Robbie Spargo, Little Dot Sport director explains how a clear digital media strategy and targetted creative campaigns increased viewership by 13x

Robbie Spargo Little Dot Sport

Since the beginning of our partnership, the ECB’s YouTube channel has grown considerably year-on-year, with an exponential increase in views during the peaks of cricketing summers, as well as each off-season. A good off-season gives you even better results when the season returns.

The channel has seen a 13x increase in viewership between the 2017 and 2022 season, and a 13x increase in off-season viewing during the same period. Off-season viewership trebled in both the 2017/18 and 2018/19 off-season.

These results were achieved primarily through the implementation of a comprehensive off-season strategy, focused around leveraging The ECB’s existing archive of content including:

●    Continuous output of evergreen content, including interactive fan-led videos like our T20 World Cup of Matches series and The Match That Made series looking at breakthrough performances from England Cricket’s star players

●    As-live archive replays, including iconic Australia vs England matches prior to an Ashes fixture

●    Reactive pieces responding to the latest England Cricket stories, such as Alastair Cook’s retirement

This use of content enabled us to stimulate growth during previously dormant periods, allowing it to build momentum and stay relevant within YouTube’s algorithm, allowing it to reap the rewards when cricket returned.

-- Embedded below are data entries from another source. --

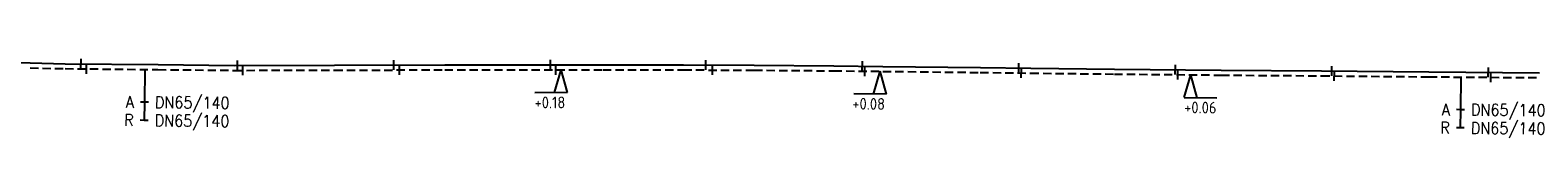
# Model space of a CAD drawing. Header units: millimetres. Extents: x 0 to 118862798, y 0 to 490252104.
# Tile 8 of 12: x 115419053 to 115534652, y 489222665 to 489228650. Entities that reach past the tile are written whole.
import ezdxf
from ezdxf.enums import TextEntityAlignment as Align

# ---------------------------------------------------------------- set-up
doc = ezdxf.new("R2010")
doc.units = ezdxf.units.MM
doc.header["$LTSCALE"] = 200
doc.linetypes.add('HIDDEN2', pattern=[4.7625, 3.175, -1.5875])
for name, color, linetype in [('WW-C-mof', 7, 'Continuous'), ('WW-I-diam', 7, 'Continuous'), ('WW-I-NAP', 7, 'Continuous'), ('WW-L-aanvoer', 3, 'Continuous'), ('WW-L-retour', 3, 'HIDDEN2')]:
    doc.layers.add(name, color=color, linetype=linetype)
doc.styles.add('DIN17', font='ROMANS.SHX', dxfattribs={"width": 0.9})
doc.styles.add('ISOCP', font='ISOCP.SHX')

# ---------------------------------------------------------------- blocks, each defined once
blk = doc.blocks.new('LR-mof')
at = {"color": 0, "linetype": 'ByBlock', "lineweight": -2}
blk.add_line((0, -0.75), (0, 0.75), dxfattribs=at)
blk = doc.blocks.new('LR-DIAO2')
at = {"color": 0, "lineweight": -3}
blk.add_line((0, 0), (0, -5), dxfattribs=at)
at = {"color": 0, "linetype": 'Continuous', "lineweight": -3}
blk.add_line((0, -5), (0, -7.8), dxfattribs=at)
at = {"color": 0, "lineweight": -3}
for points in [[(0.61, -5), (0, -5), (-0.61, -5)], [(0.61, -7.8), (0, -7.8), (-0.61, -7.8)]]:
    blk.add_lwpolyline(points, dxfattribs=at)
at = {"color": 1, "lineweight": -3, "style": 'DIN17', "width": 0.9}
for tag, p in [('*1', (-1.61, -5)), ('*2', (-1.61, -7.78))]:
    blk.add_attdef(tag, text='', height=1.8, dxfattribs=at).set_placement(p, align=Align.MIDDLE_RIGHT)
for tag, p in [('*11', (1.61, -5)), ('*12', (1.61, -7.8))]:
    blk.add_attdef(tag, text='', height=1.8, dxfattribs=at).set_placement(p, align=Align.MIDDLE_LEFT)
blk = doc.blocks.new('nap2')
at = {"color": 0, "linetype": 'Continuous', "lineweight": -3}
for p, q in [((1, 3.5), (-4, 3.5)), ((-1, 3.5), (0, 0)), ((1, 3.5), (0, 0))]:
    blk.add_line(p, q, dxfattribs=at)
at = {"color": 0, "linetype": 'Continuous', "lineweight": -3, "style": 'ISOCP'}
for tag, p in [('*1', (-1.5, 5)), ('*2', (-4, 1.5))]:
    blk.add_attdef(tag, text='', height=1.8, dxfattribs=at).set_placement(p, align=Align.MIDDLE)
blk = doc.blocks.new('nap1')
at = {"color": 0, "linetype": 'Continuous', "lineweight": -3}
for p, q in [((-1, 3.5), (0, 0)), ((-1, 3.5), (4, 3.5)), ((1, 3.5), (0, 0))]:
    blk.add_line(p, q, dxfattribs=at)
at = {"color": 0, "linetype": 'Continuous', "lineweight": -3, "style": 'ISOCP'}
for tag, p in [('*1', (1.7, 5)), ('*2', (4, 1.5))]:
    blk.add_attdef(tag, text='', height=1.8, dxfattribs=at).set_placement(p, align=Align.MIDDLE)

msp = doc.modelspace()

# ---------------------------------------------------------------- linework, layer by layer
at = {"layer": 'WW-L-aanvoer'}
for p, q in [((115417005, 489228389), (115419061, 489228344)), ((115419061, 489228344), (115421741, 489228288)), ((115421741, 489228288), (115428859, 489228215)), ((115428859, 489228215), (115434701, 489228156)), ((115434701, 489228156), (115442389, 489228173)), ((115442389, 489228173), (115450836, 489228195)), ((115450836, 489228195), (115462975, 489228198)), ((115462975, 489228198), (115469152, 489228192)), ((115469152, 489228192), (115474572, 489228168)), ((115474572, 489228168), (115480665, 489228122)), ((115480665, 489228122), (115484438, 489228080)), ((115484438, 489228080), (115491908, 489227994)), ((115491908, 489227994), (115495767, 489227947)), ((115495767, 489227947), (115502187, 489227873)), ((115502187, 489227873), (115510374, 489227794)), ((115510374, 489227794), (115518070, 489227735)), ((115518070, 489227735), (115526293, 489227661)), ((115526293, 489227661), (115534774, 489227597))]:
    msp.add_line(p, q, dxfattribs=at)
at = {"layer": 'WW-L-retour'}
for p, q in [((115419053, 489227964), (115421735, 489227908)), ((115421735, 489227908), (115428855, 489227835)), ((115428855, 489227835), (115434699, 489227776)), ((115442389, 489227793), (115450836, 489227815)), ((115450836, 489227815), (115462975, 489227818)), ((115462975, 489227818), (115469151, 489227812)), ((115469151, 489227812), (115474570, 489227788)), ((115434699, 489227776), (115442389, 489227793)), ((115474570, 489227788), (115480661, 489227742)), ((115480661, 489227742), (115484434, 489227700)), ((115484434, 489227700), (115491904, 489227614)), ((115491904, 489227614), (115495763, 489227567)), ((115495763, 489227567), (115502182, 489227493)), ((115502182, 489227493), (115510370, 489227414)), ((115510370, 489227414), (115518067, 489227355)), ((115518067, 489227355), (115526290, 489227281)), ((115526290, 489227281), (115534771, 489227217))]:
    msp.add_line(p, q, dxfattribs=at)

# ---------------------------------------------------------------- block references
at = {"layer": 'WW-C-mof', "linetype": 'Continuous'}
for p, xscale, yscale, zscale, rotation in [((115422954, 489228275), 500.0000000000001, 500.0000000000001, 500.0000000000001, 359.4137), ((115423370, 489227891), 500.0000000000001, 500.0000000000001, 500.0000000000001, 359.4137), ((115434947, 489228156), 499.9999999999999, 499.9999999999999, 499.9999999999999, 0.1303), ((115435365, 489227777), 499.9999999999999, 499.9999999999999, 499.9999999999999, 0.1303), ((115446948, 489228185), 499.9999999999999, 499.9999999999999, 499.9999999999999, 0.1454), ((115447366, 489227806), 499.9999999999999, 499.9999999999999, 499.9999999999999, 0.1454), ((115458949, 489228197), 499.9999999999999, 499.9999999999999, 499.9999999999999, 0.01600000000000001), ((115459363, 489227817), 499.9999999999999, 499.9999999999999, 499.9999999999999, 0.01600000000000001), ((115470861, 489228184), 499.9999999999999, 499.9999999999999, 499.9999999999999, 359.7387000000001), ((115471367, 489227802), 499.9999999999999, 499.9999999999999, 499.9999999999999, 359.7387000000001), ((115482859, 489228098), 500.0000000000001, 500.0000000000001, 500.0000000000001, 359.3727), ((115483053, 489227716), 500.0000000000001, 500.0000000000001, 500.0000000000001, 359.3727), ((115494858, 489227958), 500, 500, 500, 359.3031), ((115495049, 489227576), 500, 500, 500, 359.3031), ((115506857, 489227828), 500, 500, 500, 359.4488), ((115507052, 489227446), 500, 500, 500, 359.4488), ((115518861, 489227728), 500, 500, 500, 359.4826), ((115530858, 489227627), 500, 500, 500, 359.5692), ((115519049, 489227346), 500, 500, 500, 359.4826), ((115531048, 489227245), 500, 500, 500, 359.5692)]:
    msp.add_blockref('LR-mof', p, dxfattribs=dict(at, xscale=xscale, yscale=yscale, zscale=zscale, rotation=rotation))
at = {"layer": 'WW-I-diam', "linetype": 'Continuous'}
for p, xscale, yscale, zscale, rotation in [((115427837, 489227845), 499.9999999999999, 499.9999999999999, 499.9999999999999, 359.4137133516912), ((115528738, 489227263), 500.0000000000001, 500.0000000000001, 500.0000000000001, 359.5692364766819)]:
    msp.add_blockref('LR-DIAO2', p, dxfattribs=dict(at, xscale=xscale, yscale=yscale, zscale=zscale, rotation=rotation)).add_auto_attribs({'*1': 'A', '*11': 'DN65/140', '*2': 'R', '*12': 'DN65/140'})
at = {"layer": 'WW-I-NAP', "linetype": 'Continuous'}
ref = msp.add_blockref('nap1', (115459756, 489227817), dxfattribs=dict(at, xscale=500, yscale=500, zscale=500, rotation=180.0159796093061))
ref.add_attrib('*1', '+0.18', dxfattribs={"layer": '0', "color": 1, "linetype": 'Continuous', "lineweight": -3, "height": 900, "rotation": 0.01598, "style": 'ISOCP'}).set_placement((115458906, 489225317), align=Align.MIDDLE)
ref = msp.add_blockref('nap1', (115484224, 489227703), dxfattribs=dict(at, xscale=500, yscale=500, zscale=500, rotation=179.3727464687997))
ref.add_attrib('*1', '+0.08', dxfattribs={"layer": '0', "color": 1, "linetype": 'Continuous', "lineweight": -3, "height": 900, "rotation": 359.37275, "style": 'ISOCP'}).set_placement((115483346, 489225212), align=Align.MIDDLE)
ref = msp.add_blockref('nap2', (115508048, 489227436), dxfattribs=dict(at, xscale=500.0000000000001, yscale=500.0000000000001, zscale=500.0000000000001, rotation=179.4487700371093))
ref.add_attrib('*1', '+0.06', dxfattribs={"layer": '0', "color": 1, "linetype": 'Continuous', "lineweight": -3, "height": 900, "rotation": 359.44877, "style": 'ISOCP'}).set_placement((115508774, 489224929), align=Align.MIDDLE)

doc.saveas('drawing.dxf')
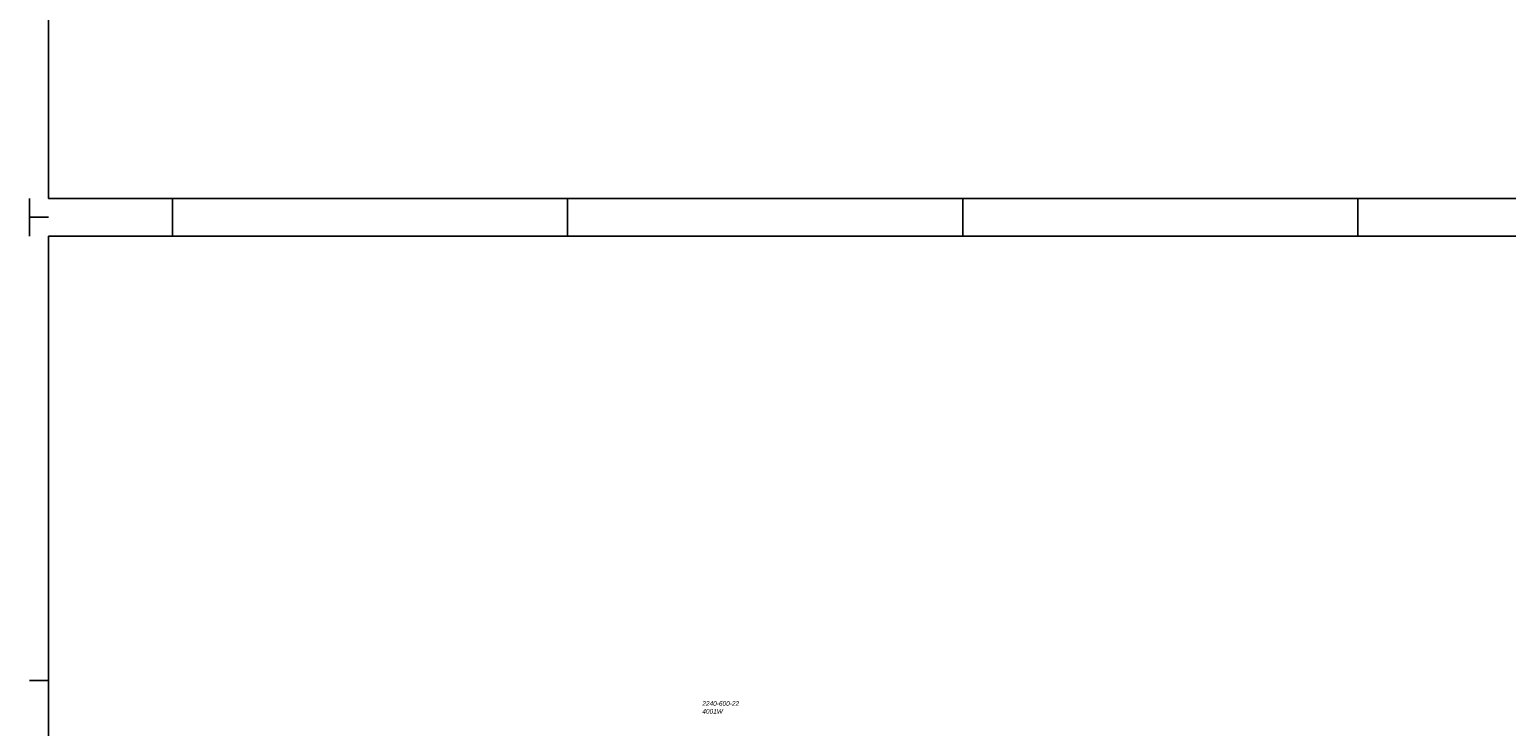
# Model space of a CAD drawing. Header units: millimetres. Extents: x -13501 to 278776, y 0 to 252300.
# Tile 9 of 132: x 0 to 78495, y 57053 to 94068. Entities that reach past the tile are written whole.
import ezdxf
from ezdxf.enums import TextEntityAlignment as Align

# ---------------------------------------------------------------- set-up
doc = ezdxf.new("R2010")
doc.units = ezdxf.units.MM
doc.header["$LTSCALE"] = 100
doc.layers.get('0').update_dxf_attribs({"linetype": 'CONTINUOUS'})
for name, color, linetype in [('SCHERMER_KADER', 7, 'CONTINUOUS'), ('SCHERMER_ONDERHOEK', 7, 'CONTINUOUS'), ('WT-tekst', 7, 'CONTINUOUS')]:
    doc.layers.add(name, color=color, linetype=linetype)
doc.styles.add('B-01', font='GOTHICI.TTF')
doc.styles.add('cg omega', font='GOTHICI.TTF', dxfattribs={"width": 1.32})
doc.styles.add('CG OMEGA BOLD', font='GOTHICBI.TTF', dxfattribs={"width": 1.32})

# ---------------------------------------------------------------- blocks, each defined once
blk = doc.blocks.new('1350x840')
at = {"layer": 'SCHERMER_KADER', "color": 8, "linetype": 'Continuous'}
for p, q in [((-1326, 831), (-1326, 821)), ((-1316, 831), (-1326, 831)), ((0, 821), (-1316, 821)), ((-1316, 821), (-1316, 0)), ((-1326, 0), (-1326, -10)), ((-1316, 0), (0, 0)), ((-1326, -10), (-1316, -10))]:
    blk.add_line(p, q, dxfattribs=at)
at = {"layer": 'SCHERMER_KADER', "color": 9}
for p, q in [((-1250, 831), (-1250, 821)), ((-1040, 831), (-1040, 821)), ((-830, 831), (-830, 821)), ((-620, 831), (-620, 821)), ((-1316, 585), (-1326, 585)), ((-1250, 0), (-1250, -10)), ((-1040, 0), (-1040, -10)), ((-830, 0), (-830, -10)), ((-620, 0), (-620, -10))]:
    blk.add_line(p, q, dxfattribs=at)
at = {"layer": 'SCHERMER_ONDERHOEK', "style": 'B-01'}
for tag, p in [('WIJZA', (-161.01, 168.4)), ('WIJZG', (-75.51, 168.4)), ('OMSCHRIJVINGA', (-161.01, 162)), ('OMSCHRIJVINGG', (-75.51, 162)), ('WIJZB', (-161.01, 155.6)), ('OMSCHRIJVINGB', (-161.01, 149.2)), ('WIJZH', (-75.51, 155.6)), ('OMSCHRIJVINGH', (-75.51, 149.2)), ('WIJZC', (-161.01, 142.8)), ('WIJZI', (-75.51, 142.8)), ('OMSCHRIJVINGC', (-161.01, 136.4)), ('OMSCHRIJVINGI', (-75.51, 136.4)), ('WIJZD', (-161.01, 130)), ('WIJZJ', (-75.51, 130)), ('WIJZE', (-161.01, 117.2)), ('OMSCHRIJVINGD', (-161.01, 123.6)), ('WIJZK', (-75.51, 117.2)), ('OMSCHRIJVINGJ', (-75.51, 123.6)), ('OMSCHRIJVINGE', (-161.01, 110.8)), ('OMSCHRIJVINGK', (-75.51, 110.8)), ('WIJZF', (-161.01, 104.4)), ('WIJZL', (-75.51, 104.4)), ('OMSCHRIJVINGF', (-161.01, 98)), ('OMSCHRIJVINGL', (-75.51, 98))]:
    blk.add_attdef(tag, text='', height=1.8, dxfattribs=at).set_placement(p, align=Align.MIDDLE_LEFT)
at = {"layer": 'SCHERMER_ONDERHOEK', "style": 'cg omega', "oblique": 15, "width": 1.32}
blk.add_attdef('STATUS', (-179.5, 76.8), '', height=3.5, dxfattribs=at)
at = {"layer": 'SCHERMER_ONDERHOEK', "width": 1.32}
for tag, height, style, p in [('BENAMING', 2.34, 'CG OMEGA BOLD', (-161.26, 58)), ('BENAMING2', 2.34, 'CG OMEGA BOLD', (-161.26, 51.6)), ('SCHAAL', 1.8, 'cg omega', (-161.26, 38.8)), ('BETREFT', 2.34, 'CG OMEGA BOLD', (-161.26, 45.2)), ('DATUM', 1.8, 'cg omega', (-161.26, 26)), ('NR', 1.8, 'cg omega', (-125.23, 19.6)), ('A?', 1.8, 'cg omega', (-72.69, 19.6)), ('DD', 1.8, 'cg omega', (-125.23, 13.2)), ('TEKNR.', 2.34, 'CG OMEGA BOLD', (-72.69, 13.2))]:
    blk.add_attdef(tag, text='', height=height, dxfattribs=dict(at, style=style)).set_placement(p, align=Align.MIDDLE_LEFT)

msp = doc.modelspace()

# ---------------------------------------------------------------- block references
at = {"xscale": 100, "yscale": 100, "zscale": 100}
for p in [(132600, 85100), (132600, 1000)]:
    msp.add_blockref('1350x840', p, dxfattribs=at)

# ---------------------------------------------------------------- texts
at = {"layer": 'WT-tekst', "style": 'B-01'}
for s, p in [('2240-600-22', (35758, 58148)), ('4001W', (35758, 57733))]:
    msp.add_text(s, height=250, dxfattribs=at).set_placement(p)

doc.saveas('drawing.dxf')

Scaling in non-key markets

The ECB’s global viewership increased 5x since the start of 2019, with India representing 70% of global viewing since 2019. The channel has also doubled its UK audience since 2019, and in 2022, it stands 3x larger than it did in 2016, before the partnership began.

Without the snowball effect of huge global growth driven by the Indian subcontinent, it would have been harder to achieve that local growth. YouTube is a global platform, and its algorithm doesn’t exclude international popularity from how it surfaces content domestically.

Additionally, YouTube viewers are globally minded - they want to see what’s trending internationally and be part of a global conversation. That’s why videos with millions of views are more appealing to a potential viewer than a video with thousands of views, and so the global halo effect is really important in driving local viewership.

Little Dot Sport has been working with The England & Wales Cricket Board since 2017 to enable them to reach more digital fans, through a robust, data-driven content strategy.

The company grew viewership for The ECB’s YouTube channel by 13x, resulting in the channel being the most viewed UK-based YouTube sports channel globally in July 2022. Little Dot Sport has also delivered several successful sponsorship campaigns and reached global audiences.

On YouTube, features deliver engagement

Features on YouTube are highly effective at engaging a younger audience domestically. Drawing from data across the last four years on the ECB channel, feature content draws 45.3% of its viewers from the 13-24 year-old demographic in the UK, significantly higher than the channel average of 32.8%.

For example, the documentary No Boundaries that features player journeys, supported by Natwest, has proved popular with UK cricket fans, with over a sixth of viewers coming from the UK.

ECB MONTHLY VIEWING.001

YouTube is a sponsorship asset

During summer 2022, we delivered successful sponsorship campaigns across YouTube for the ECB’s commercial partners (Royal London, Vitality, LV), ensuring the successful running of pre-roll advertising on over 100 highlights packages. Moreover, for the first time, the ECB was able to secure a sponsorship in India for 2022, packaging and selling their huge scale of advertising inventory in India directly to a commercial partner.

Not only did these sponsorships mean the ECB was able to demonstrate increased value to their commercial partners, but it allowed those partners to align themselves closer to the content, providing the ECB with a highly compelling package to sell going forward.

Just as social is front of mind on marketing plans for sports organisations, it has a much more prominent future within commercial packages than before.

Facebook is the new YouTube

As soon as we started working on the England Cricket Facebook page, we implemented a long-form video strategy to take advantage of Facebook’s algorithms increasing emphasis on watch-time.

Following in YouTube’s footsteps, we witnessed how long-form video, which keeps fans engaged for longer, is pushed algorithmically on the platform - primarily due to the content’s increased potential for revenue generation through in-stream advertising.

By leveraging ECB’s archive with long-form edits and reactive/relevant posting of older content, we increased minutes watched by 35% in the first year after we started working on it. This helped the page achieve 1.9 billion views since the start of 2021.

Today, I see Facebook where YouTube was a few years ago - a fairly basic algorithm surfacing/resurfacing content that gets long watch-times. It’s therefore the perfect place for using archive content to build an audience. Something that’s strongly associated with YouTube.